Selon une source diplomatique algérienne en contact avec les autorités rivales en Libye, le général Haftar s'est emparé des terminaux pétroliers par crainte de se voir écarté par le Gouvernement d'union nationale (GNA), après la libération de Syrte
L’un des terminaux d’exportation de pétrole libyens, en grande partie inactif depuis deux ans et demi (AFP)

« Le général Haftar [général rebelle proche du parlement de Tobrouk, non reconnu par les Nations unies] est convaincu que Fayez al-Sarraj [le Premier ministre à la tête du Gouvernement d’union nationale (GNA), soutenu par les Nations unies] veut profiter de la victoire qui se profile à Syrte contre les combattants de l’État islamique [EI] pour l’évincer. »

Selon une source diplomatique algérienne qui s’est confiée à Middle East Eye, voilà pourquoi Haftar aurait décidé, d’une part, de prendre le contrôle des quatre principaux terminaux du croissant pétrolier (Zueitina, Brega, Ras Lanouf et al-Sedra), et d’autre part, de se faire promouvoir maréchal par le parlement de Tobrouk dans la nuit de mercredi à jeudi.

« Selon lui, le GNA cherche à avoir tous les pouvoirs, de manière exclusive, pour se déployer sur tout le territoire. »

Traduction : « Le parlement libyen promeut Hafter maréchal »

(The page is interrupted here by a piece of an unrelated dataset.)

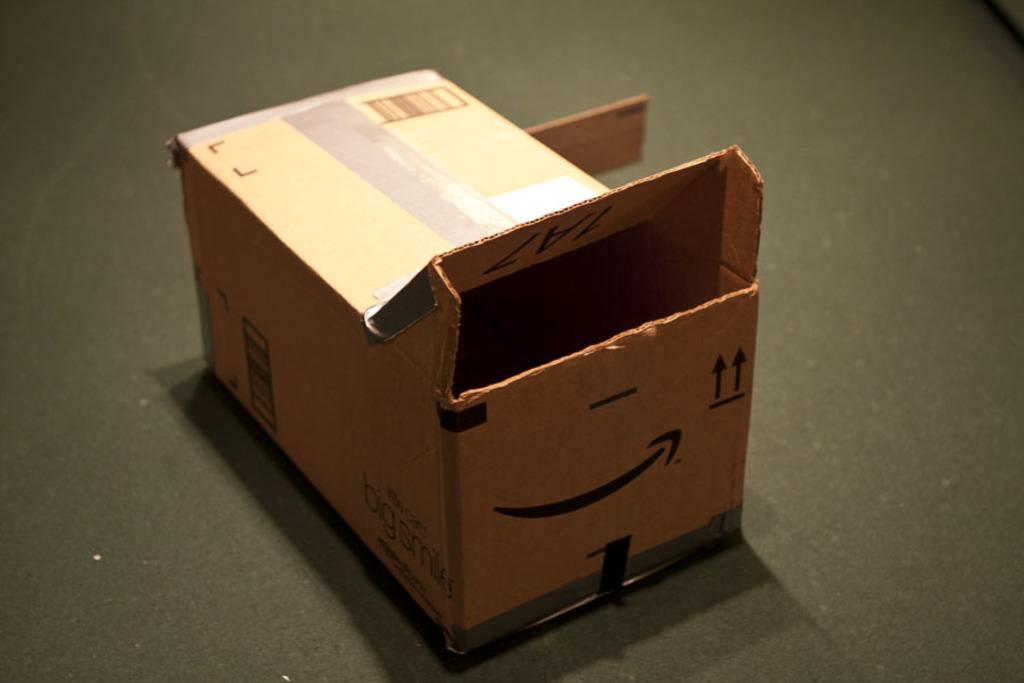What object is present in the image that is made of cardboard? There is a cardboard box in the image. What is the cardboard box placed on in the image? The cardboard box is kept on a black surface. How many hens can be seen playing in the sand near the cardboard box in the image? There are no hens or sand present in the image; it only features a cardboard box on a black surface. 
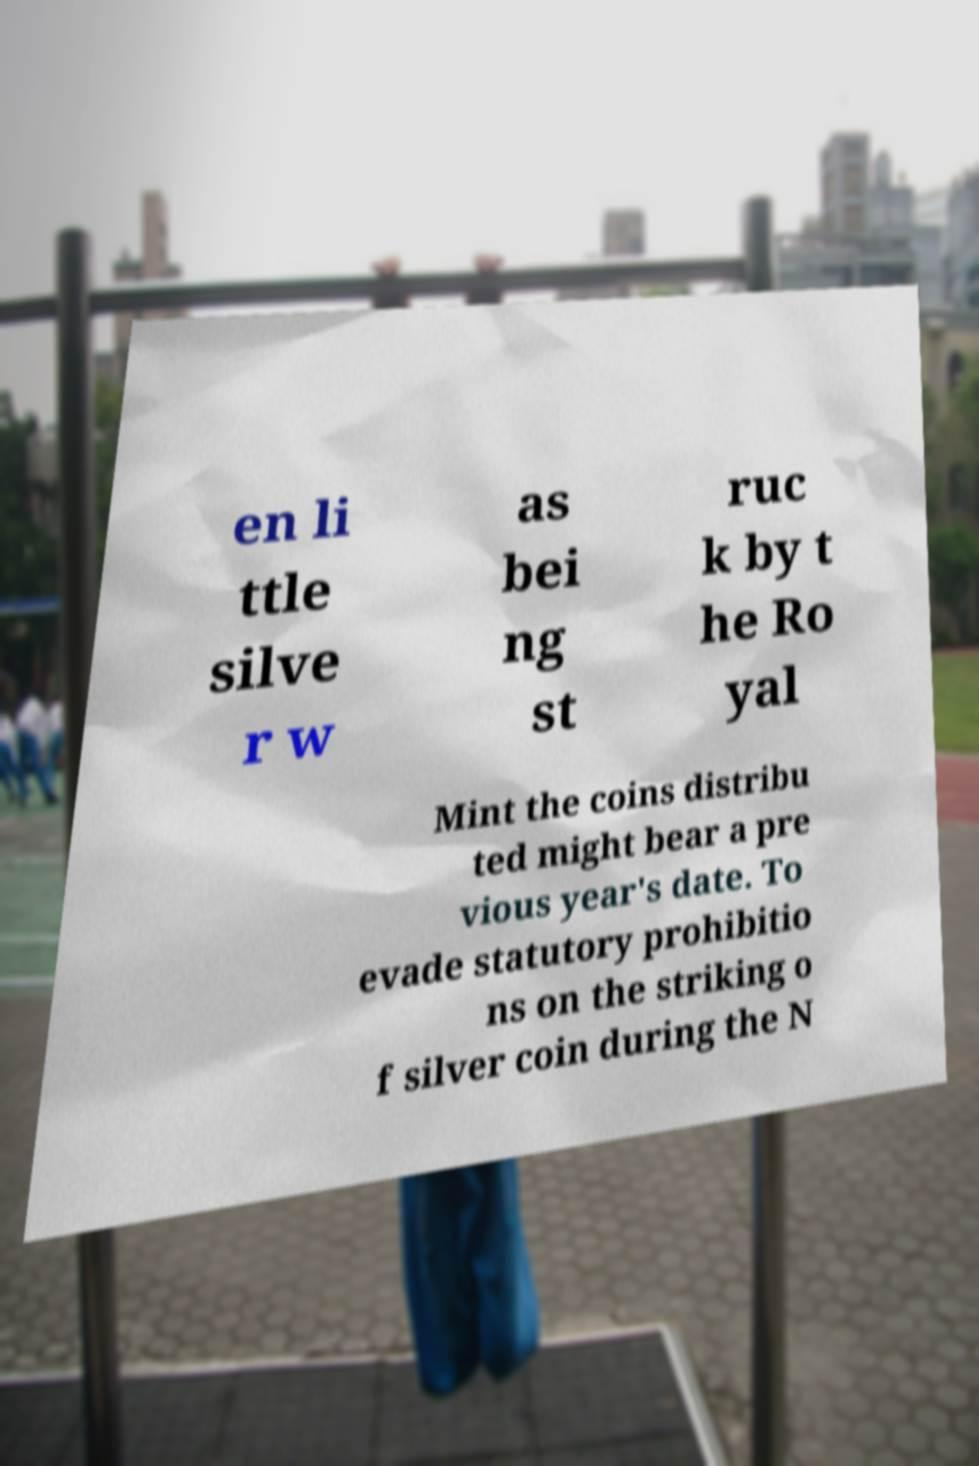Can you read and provide the text displayed in the image?This photo seems to have some interesting text. Can you extract and type it out for me? en li ttle silve r w as bei ng st ruc k by t he Ro yal Mint the coins distribu ted might bear a pre vious year's date. To evade statutory prohibitio ns on the striking o f silver coin during the N

Khalifa Haftar, 73 ans, une des figures militaires les plus puissantes et les plus controversées de la Libye, refuse de reconnaître les autorités de Tripoli, appuyées par la communauté internationale, et l'accord signé fin 2015 au Maroc sous l'égide de l'ONU consacrant sa mise à l’écart.

« Nous avons ouvert un canal de communication avec lui et avec Akila Salah, le président du parlement de Tobrouk et chef suprême des forces armées », poursuit notre source.

« Nous avons également soumis aux deux autorités rivales une proposition : que les forces de Haftar se retirent du Croissant pétrolier et en échange, prennent une part active dans les combats contre l’EI à Syrte. Nous avons appris qu’en parallèle, un pays occidental qui participe aux frappes aériennes avait lui aussi proposé un marché à al-Sarraj et à Haftar, selon lequel le contrôle des terminaux serait donné à une compagnie de sécurité privée de ce pays. Mais aucun des deux n’a accepté. »

Pour Ibrahim Kassab, un ex-officier de l’armée libyenne vivant à Tripoli, « si aucun accord n’est trouvé, c’est pourtant ce qui va se passer, explique-t-il à MEE. Les Occidentaux se débrouilleront pour placer leurs propres sociétés de sécurité car l’enjeu financier est très important ».

Mercredi, l’armée libyenne dirigée par le général rebelle a remis la gestion des ports et des champs pétroliers à la compagnie nationale libyenne de pétrole (NOC). Le directeur de la NOC Mustafa Sanalla a confirmé jeudi dans un communiqué que son institution était « chargée des terminaux » qui étaient « sécurisés », et a indiqué que les exportations de brut allaient « reprendre immédiatement ».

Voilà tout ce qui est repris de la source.